Interaction of dequalinium chloride with phosphatidylcholine bilayers: A biophysical study with consequences on the development of lipid-based mitochondrial nanomedicines

Félix Sauvage, François Xavier Legrand, Michel Roux, Ivan Rajkovic, Thomas M. Weiss, Zoltán Varga, Luc Augis, Guillaume Nugue, Jean Claude Debouzy, Juliette Vergnaud-Gauduchon, Gillian Barratt

Research output: Contribution to journalArticlepeer-review

8 Scopus citations

Abstract

Dequalinium (DQ) has been proposed as a mitochondrial targeting ligand for nanomedicines, including liposomes, given the implication of these organelles in many diseases.
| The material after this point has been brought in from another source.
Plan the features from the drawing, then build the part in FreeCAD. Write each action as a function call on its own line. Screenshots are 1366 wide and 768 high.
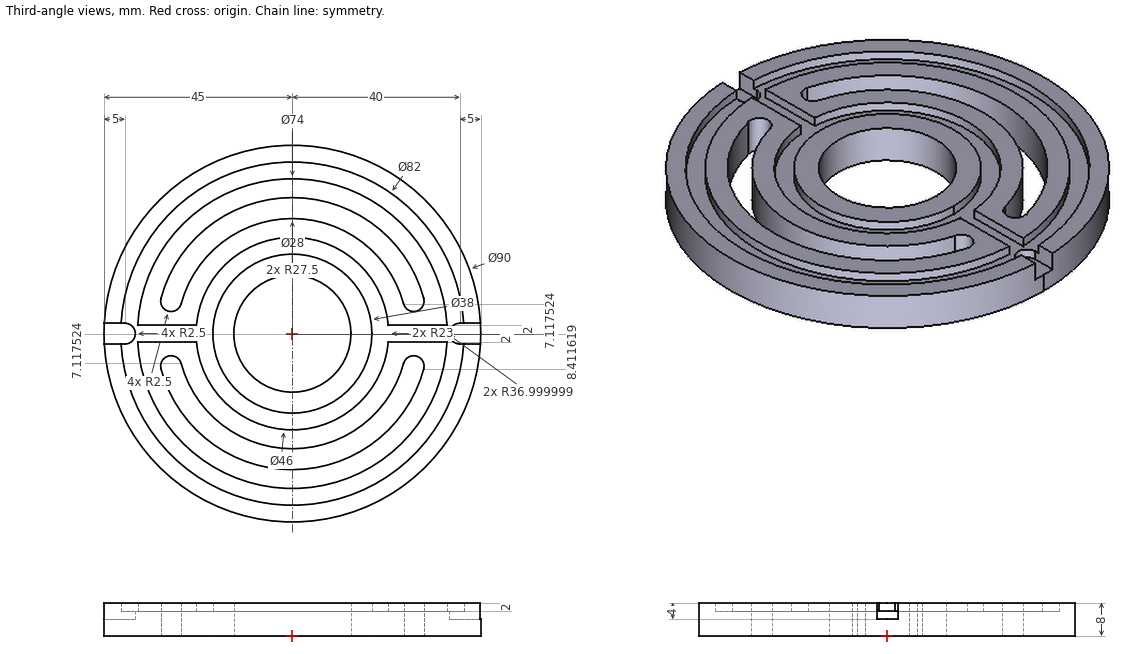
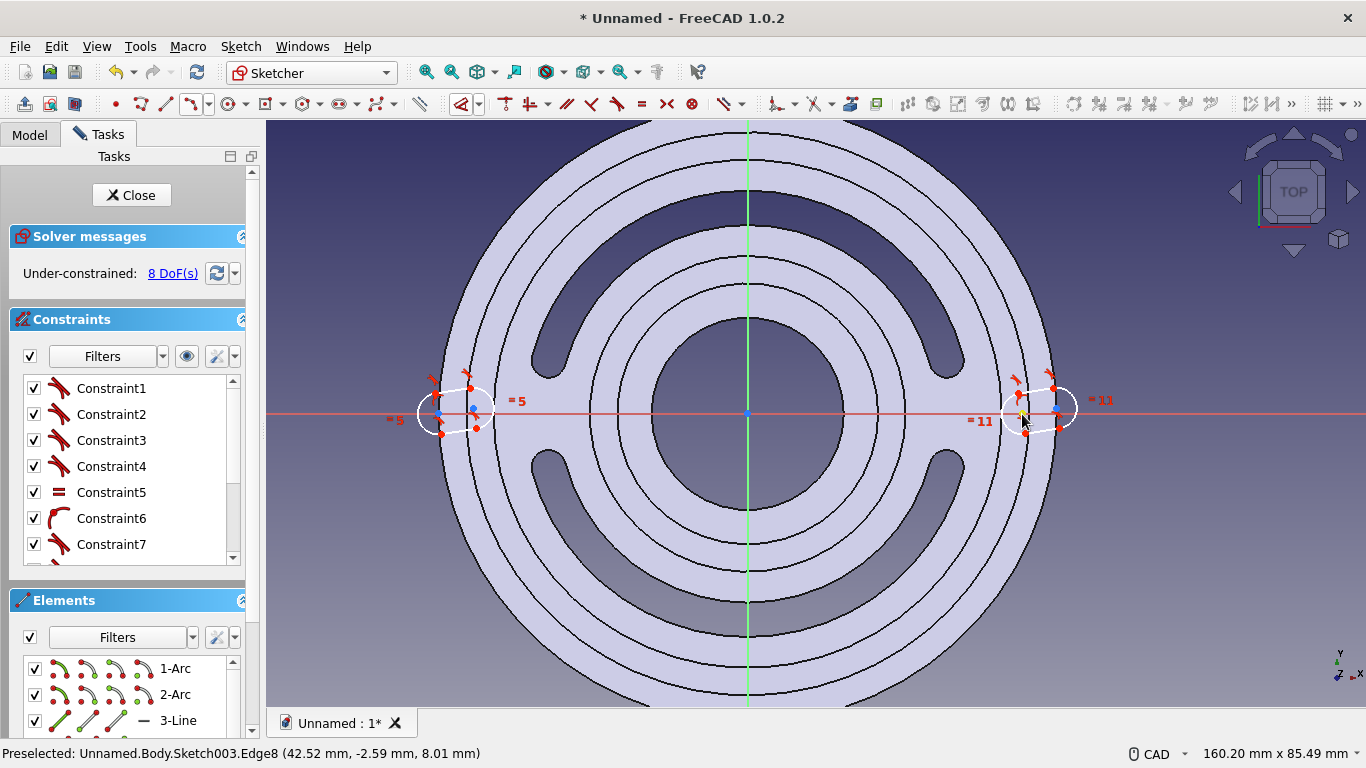
scroll(446, 392, up, 2)
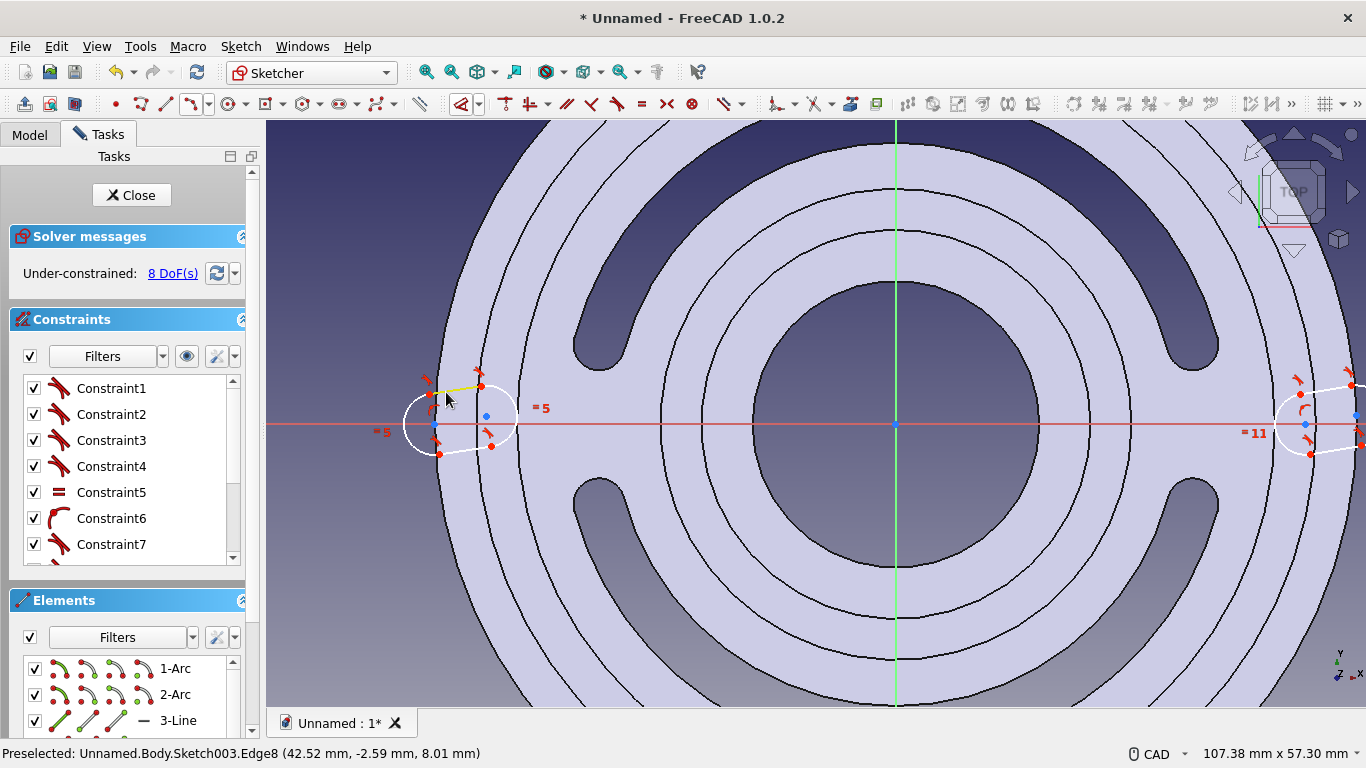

This original study focuses on the interactions of DQ with phosphatidylcholine bilayers during the formation of liposomes. Firstly, PEGylated liposomes suitable for drug delivery were studied and were found to be more stable when made in water than in phosphate-buffered saline, emphasizing the role of electrostatic interactions between positive charges on DQ and the polar head groups of the lipids. To gain more information, differential scanning calorimetry, small- and wide-angle X-ray scattering and diffraction, 31P and 2H NMR spectroscopy and freeze-fracture electron microscopy were performed on dimyristoylphosphatidylcholine (DMPC) model membranes in the presence of DQ. This molecule was shown to be located at the level of polar head groups and to induce electrostatic repulsions between adjacent lipid bilayers leading to membrane budding in water. These findings indicate that DQ is not completely inert towards lipid membranes and therefore is not an ideal candidate for encapsulation in liposomes. Overall, our work stresses the necessity for thorough physico-chemical characterization to better understand the mechanisms underlying the development of nanomedicines.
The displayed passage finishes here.